I shrugged my guitar in front of me. My left hand grabbed its neck and my right spread on the silver strings, the silver that's sure sudden death to witch-stuff. I dragged a chord of music from them, and it echoed in there like a whole houseful of guitar-men helping me. And I thought the thing up there above shuddered, and the skull it held wabbled from side to side, trying maybe to say no to me.
"You don't like my music?" I said to it, and swept out another chord and got my foot on the bottom step-stone.
"John!" came Reed Barnitt's sick voice. "Take care-"
"Let that thing take care!" I told him and moved up on the rocks.
The gray thing flung the skull at me. I dodged, and felt the wind of the skull as it sailed grinning past, and I heard it smash like a bottle on the floor behind me. For a moment that flinging hand stuck out of the gray rags.
I knew whose hand it was, black-furry like a spider.
"Aram Harnam!" I yelled out, and let my guitar fall to hang by its string, and I charged up those stairs of stones.
Reed Barnitt was after me as I got to the top.
"It's a put-up show!" I was shouting, and grabbed my hands full of rags. Reed Barnitt clamped onto my arm and flung me down the step-stones so I almost fell flat on the floor.

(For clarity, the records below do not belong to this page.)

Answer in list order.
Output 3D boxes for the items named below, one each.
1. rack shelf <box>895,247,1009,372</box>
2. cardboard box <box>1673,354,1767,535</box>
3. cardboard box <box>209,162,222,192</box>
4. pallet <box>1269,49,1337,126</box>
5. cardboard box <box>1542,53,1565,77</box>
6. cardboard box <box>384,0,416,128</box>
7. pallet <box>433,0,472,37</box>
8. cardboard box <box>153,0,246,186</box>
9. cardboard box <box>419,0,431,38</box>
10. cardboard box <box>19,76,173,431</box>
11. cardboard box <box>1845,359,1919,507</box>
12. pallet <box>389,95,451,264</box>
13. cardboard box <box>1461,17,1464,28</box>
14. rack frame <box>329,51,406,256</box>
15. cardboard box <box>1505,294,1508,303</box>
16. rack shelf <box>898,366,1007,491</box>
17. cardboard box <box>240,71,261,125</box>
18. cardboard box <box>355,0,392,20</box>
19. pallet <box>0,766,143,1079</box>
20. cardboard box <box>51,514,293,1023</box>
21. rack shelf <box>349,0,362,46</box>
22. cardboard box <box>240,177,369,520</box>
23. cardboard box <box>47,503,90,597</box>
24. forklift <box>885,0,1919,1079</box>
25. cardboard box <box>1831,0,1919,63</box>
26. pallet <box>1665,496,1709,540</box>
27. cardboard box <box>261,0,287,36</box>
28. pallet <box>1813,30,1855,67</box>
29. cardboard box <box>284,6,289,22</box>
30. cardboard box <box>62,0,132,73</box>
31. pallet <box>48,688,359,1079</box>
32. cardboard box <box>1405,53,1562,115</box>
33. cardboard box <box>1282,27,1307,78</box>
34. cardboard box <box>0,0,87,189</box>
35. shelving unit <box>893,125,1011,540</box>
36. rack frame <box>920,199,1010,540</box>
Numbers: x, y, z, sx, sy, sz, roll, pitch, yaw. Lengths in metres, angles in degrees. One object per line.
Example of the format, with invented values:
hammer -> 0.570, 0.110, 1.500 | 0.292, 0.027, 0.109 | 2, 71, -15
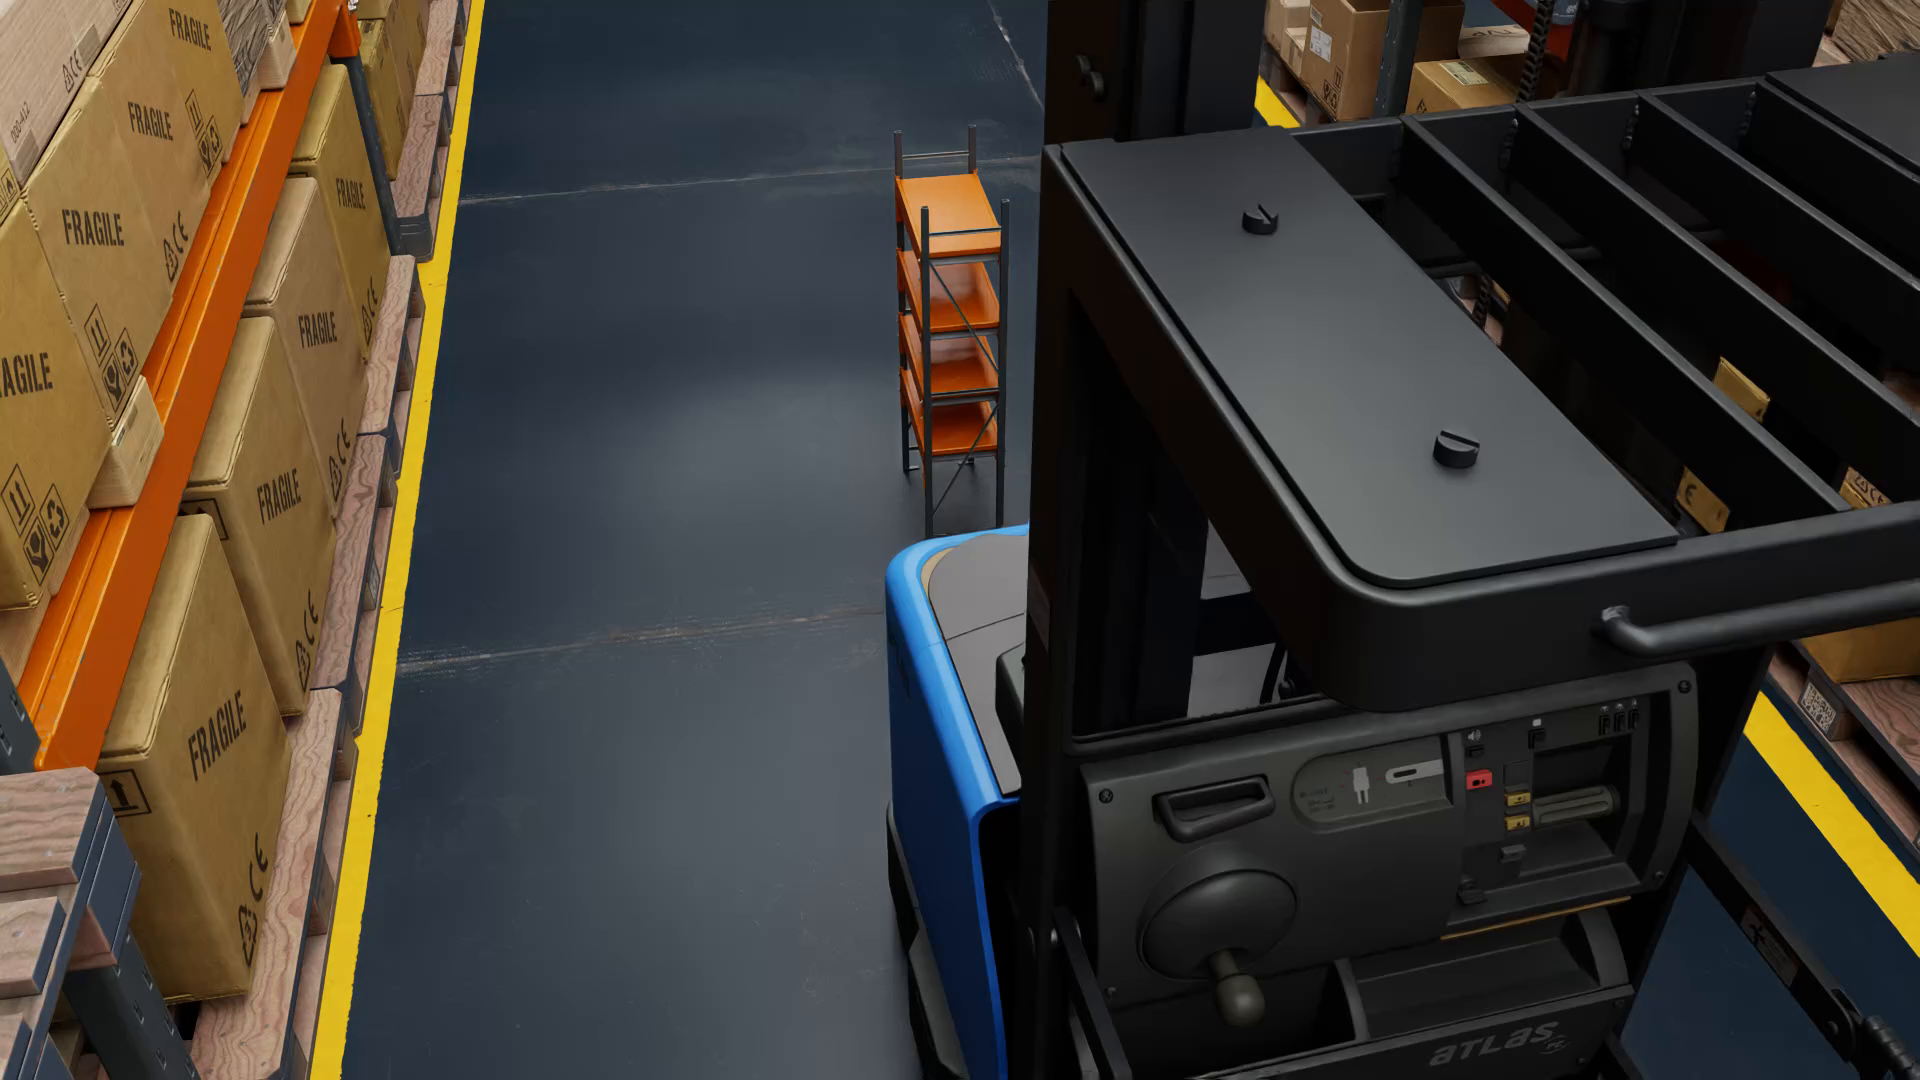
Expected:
rack shelf -> -0.029, -0.697, 4.915 | 0.258, 0.148, 0.480 | -6, 38, -8
cardboard box -> 2.432, -0.299, 4.869 | 0.500, 0.500, 0.500 | -8, 38, -10
cardboard box -> -2.107, -0.943, 4.207 | 0.380, 0.149, 0.250 | -5, 38, -7
pallet -> 2.097, -1.990, 7.640 | 1.003, 0.211, 1.213 | -6, 38, -8
cardboard box -> 2.585, -1.596, 6.538 | 0.500, 0.500, 0.500 | -6, 38, -8
cardboard box -> -2.775, -2.087, 7.186 | 0.700, 0.500, 0.500 | -7, 38, -8
pallet -> -3.144, -2.982, 8.916 | 1.003, 0.211, 1.213 | -6, 38, -8
cardboard box -> -2.059, -1.142, 3.935 | 0.500, 0.500, 0.500 | -5, 38, -7
cardboard box -> -2.963, -2.718, 7.999 | 0.700, 0.500, 0.500 | -7, 38, -9
cardboard box -> -1.875, -0.529, 3.145 | 0.500, 0.500, 0.500 | -5, 38, -6
cardboard box -> 2.509, -0.317, 4.280 | 0.500, 0.250, 0.500 | -5, 38, -6
pallet -> -2.716, -1.508, 7.019 | 1.003, 0.211, 1.213 | -6, 38, -8
cardboard box -> 2.194, -2.530, 8.012 | 0.380, 0.166, 0.250 | -6, 38, -8
rack frame -> -2.660, -2.141, 5.562 | 1.000, 3.000, 0.127 | -6, 38, -8
cardboard box -> 2.246, -0.921, 5.670 | 0.500, 0.500, 0.500 | -6, 38, -7
rack shelf -> -0.029, -0.364, 5.174 | 0.258, 0.148, 0.480 | -6, 38, -8
cardboard box -> -2.172, -1.257, 4.612 | 0.380, 0.149, 0.250 | -6, 38, -8
cardboard box -> -2.571, -2.266, 6.888 | 0.380, 0.149, 0.250 | -5, 38, -6
pallet -> -1.729, 0.769, 1.971 | 1.213, 0.211, 1.003 | -6, 38, -8
cardboard box -> -1.958, 0.499, 3.572 | 0.750, 0.750, 0.750 | -7, 38, -9
rack shelf -> -3.011, -3.065, 7.337 | 1.077, 0.370, 4.000 | -6, 38, -8
cardboard box -> -2.259, -0.543, 4.914 | 0.750, 0.750, 0.750 | -5, 38, -7
cardboard box -> -1.824, -0.011, 3.008 | 0.380, 0.149, 0.250 | -6, 38, -7
forklift -> 0.684, 0.503, 2.214 | 1.130, 2.935, 3.031 | -9, 39, -11
cardboard box -> 2.724, -1.407, 4.192 | 0.700, 0.500, 0.500 | 0, 38, 1
pallet -> 2.613, -0.350, 5.528 | 1.003, 0.211, 1.213 | -6, 38, -8
cardboard box -> -2.232, -1.748, 4.714 | 0.500, 0.500, 0.500 | -6, 38, -8
pallet -> 2.572, -1.359, 4.711 | 1.003, 0.211, 1.213 | -6, 38, -8
cardboard box -> -2.253, -1.565, 5.008 | 0.380, 0.149, 0.250 | -5, 38, -7
cardboard box -> -1.971, -1.115, 3.288 | 0.500, 0.250, 0.500 | -6, 38, -8
pallet -> -2.023, 0.891, 3.931 | 1.003, 0.211, 1.213 | -6, 38, -8
cardboard box -> 2.061, -1.545, 6.472 | 0.500, 0.500, 0.500 | -8, 39, -10
cardboard box -> 1.712, -2.258, 7.677 | 0.380, 0.149, 0.250 | -6, 38, -8
cardboard box -> -1.879, -0.813, 2.900 | 0.500, 0.250, 0.500 | -7, 38, -9
shelving unit -> -0.029, -0.574, 5.011 | 0.258, 1.200, 0.503 | -6, 38, -8
rack frame -> 0.014, -0.426, 4.821 | 0.240, 1.200, 0.015 | -6, 38, -8

But rags had torn away in my grip, and you could see Aram Harnam's face, all a thicket of hair and beard, with hooked nose and shining eyes.
"What's up?" hooted out Mr. Eddy.
"Aram Harnam's up!" I yelled to him and the others. "Sold us that candle-thing, then came here to scare us out!" I pointed. "And Reed Bamitt's in it with him!"
Reed Barnitt, on the top stone beside Aram Harnam, turned around, his eyes big in his white face. I got my feet under me to charge back up at those two.
But then I stopped, the way you'd think roots had sprung from my toes into the rock. There were three up there, not two.
That third one looked at first glimpse like a big, big man wearing a fur coat; until you saw the fur was on his skin, with warty muscles bunching through. His head was more like a frog's than anything else, wide in the mouth and big in the eye and no nose. He spread his arms and put them quiet-like round the shoulders of Reed Barnitt and Aram Harnam, and took hold with his hands that had both webs and claws.
The two men he touched screamed out like animals in a snap-trap. I sort of reckon they tried to pull free, but those two big s.h.a.ggy arms just hugged them close and hiked them off their feet. And what had come to fetch them, it fetched them away, all in a blink of time, back into that darkness no sensible soul would dare.
That's when we four others up and ran like rabbits, dropping the lantern.